There are many types of Auditory Processing Disorder, and no two individuals are exactly alike in their symptoms. Auditory processing evaluations are most often performed on school-age children, although many adults are also tested.

Some of the more common problems in individuals with auditory processing disorder include poor ability to:

  • Direct, sustain, or divide attention
  • Discriminate subtle differences in sounds and words
  • Hear in noisy situations
  • Recognize and integrate a sequence of sounds into words or other meaningful combinations
  • Comprehend rapidly spoken speech
  • Remember and/or comprehend spoken information
  • Follow multi-task directions

Formal auditory training has been recommended to improve auditory processing skills in order to capitalize on the neural plasticity of the central nervous system 42. When the listener receives appropriately designed sensory stimulation, neural changes should occur, including enhanced myelin development and transmissions across synapses 43.

This study 44 describes one treatment designed for children with deficits in dichotic listening skills.
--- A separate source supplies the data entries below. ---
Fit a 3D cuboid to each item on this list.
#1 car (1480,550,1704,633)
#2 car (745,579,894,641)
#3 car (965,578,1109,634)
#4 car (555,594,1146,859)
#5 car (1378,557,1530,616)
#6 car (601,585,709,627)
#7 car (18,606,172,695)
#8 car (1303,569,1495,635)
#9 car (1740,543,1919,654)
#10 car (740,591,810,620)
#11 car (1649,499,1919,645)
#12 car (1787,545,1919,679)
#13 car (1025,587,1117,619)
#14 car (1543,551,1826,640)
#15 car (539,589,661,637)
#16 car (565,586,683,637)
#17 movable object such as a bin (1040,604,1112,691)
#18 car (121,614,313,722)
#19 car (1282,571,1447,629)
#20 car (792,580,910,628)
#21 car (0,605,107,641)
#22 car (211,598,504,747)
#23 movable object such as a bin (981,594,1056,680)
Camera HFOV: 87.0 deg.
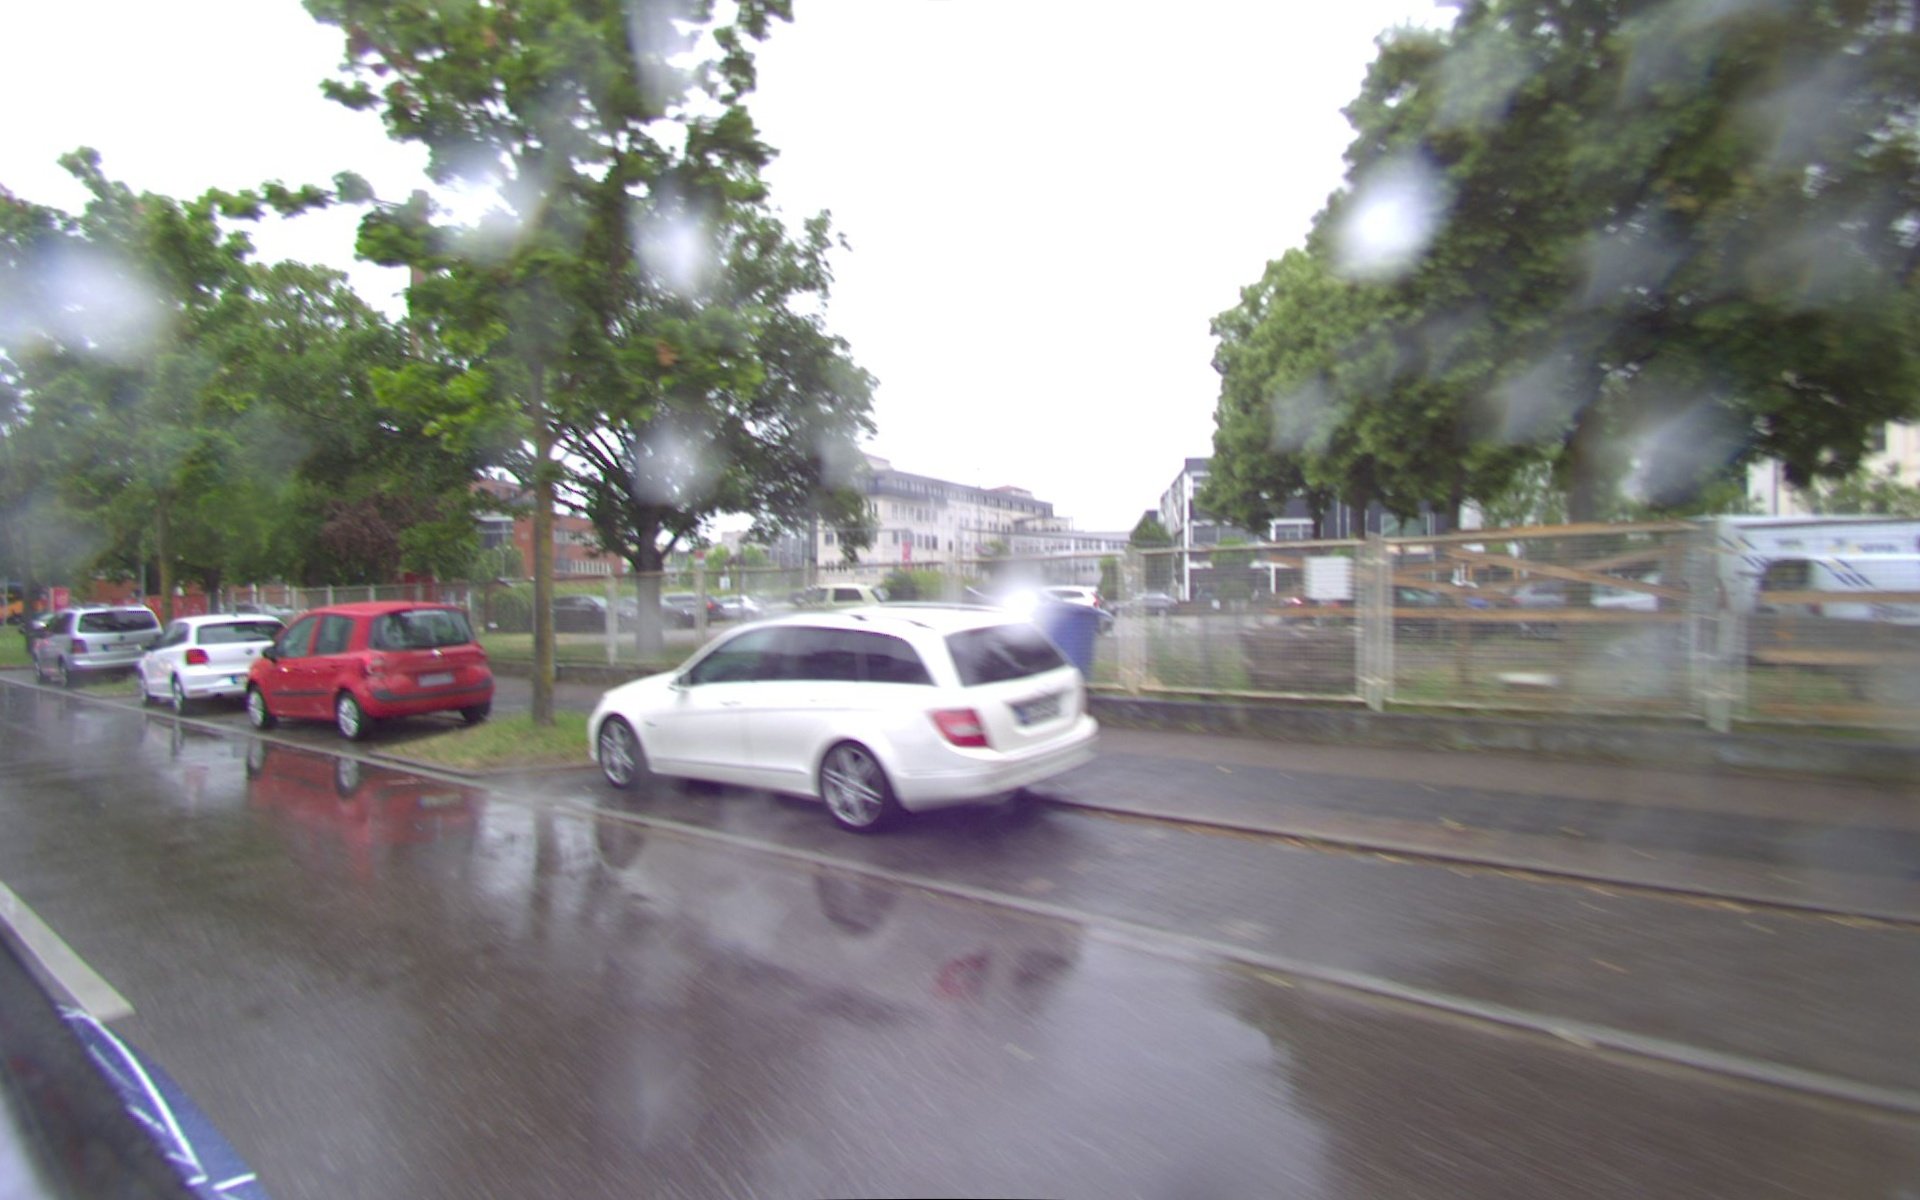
[{"bbox_3d":[17.091,-0.232,27.623,4.667,2.099,2.144,-1,1,10],"label":"car"},{"bbox_3d":[-4.079,0.278,29.804,3.952,1.682,2.063,-1,1,7],"label":"car"},{"bbox_3d":[2.258,0.174,29.277,3.958,1.506,1.753,-1,1,12],"label":"car"},{"bbox_3d":[-1.072,0.728,7.869,4.674,1.471,1.757,-1,1,38],"label":"car"},{"bbox_3d":[18.488,-0.488,38.109,4.667,2.088,2.144,-1,1,10],"label":"car"},{"bbox_3d":[-12.697,0.235,42.264,3.952,1.683,1.767,-1,1,7],"label":"car"},{"bbox_3d":[-18.669,1.012,21.787,4.034,1.694,1.858,-1,1,40],"label":"car"},{"bbox_3d":[10.598,0.042,24.708,3.958,1.506,1.753,-1,1,12],"label":"car"},{"bbox_3d":[15.073,-0.045,15.892,4.101,1.652,1.743,-1,1,10],"label":"car"},{"bbox_3d":[-11.504,0.322,63.154,3.952,1.683,1.767,-1,1,7],"label":"car"},{"bbox_3d":[15.453,-0.480,18.076,4.667,2.414,2.144,-1,1,10],"label":"car"},{"bbox_3d":[13.609,0.108,13.123,3.955,1.652,1.994,-1,1,10],"label":"car"},{"bbox_3d":[4.980,0.131,45.196,3.958,1.362,1.993,-1,1,12],"label":"car"},{"bbox_3d":[16.171,-0.092,22.876,4.667,1.836,2.144,-1,1,10],"label":"car"},{"bbox_3d":[-13.482,0.464,37.975,3.952,1.683,1.767,-1,1,7],"label":"car"},{"bbox_3d":[-13.232,0.425,39.998,3.952,1.896,1.996,-1,1,7],"label":"car"},{"bbox_3d":[1.345,0.534,11.756,0.637,0.956,0.532,-1,1,40],"label":"movable object such as a bin"},{"bbox_3d":[-11.931,0.991,16.185,3.716,1.465,1.673,0,1,41],"label":"car"},{"bbox_3d":[11.123,-0.009,28.077,3.958,1.506,1.753,-1,1,12],"label":"car"},{"bbox_3d":[-3.967,0.133,37.323,3.952,1.682,2.063,-1,1,7],"label":"car"},{"bbox_3d":[-48.224,1.203,53.960,1.974,1.775,3.996,-1,1,4],"label":"car"},{"bbox_3d":[-7.688,0.817,12.851,3.785,1.610,1.612,-1,1,31],"label":"car"},{"bbox_3d":[0.712,0.437,12.325,0.713,0.993,0.540,-1,1,40],"label":"movable object such as a bin"}]

Dichotic listening tasks require listeners to attend to different words, phrases, or short sentences presented simultaneously to each ear. For example, a listener under headphones may be presented the double-pair digits “6–2” in the left ear and, at the same time, “4-1” in the right. The ability to process both inputs improves with age, reaching 90%-96% accuracy by age 12 45.

Musiek, Gollegly, and Baran hypothesized that when children demonstrate difficulties in this area (particularly with input presented to the left ear), the poor transfer of auditory input across hemispheres may be due to delays in the myelination of the corpus callosum 46 Hence, appropriate auditory training would be expected to stimulate this myelin development and improve interhemispheric transfer.

The results of that study showed that for most subjects, providing auditory stimulation to the left ear only improved left-ear dichotic deficits as measured by the Dichotic Digits Test. However, it is not known why some subjects responded to dichotic listening training faster than others or why some participant did not achieve normal test scores after 12 sessions. And it remains to be determined if improvements in dichotic listening skills affect other auditory processing skills or academic success.

Future studies should include randomized assignments to treatment/different-treatment/no-treatment groups. In addition, a multiple baseline design would allow each subject to serve as its own control against the possibility of maturation effects. Other auditory training procedures and outcomes also need to be reported for our field to advance in these areas.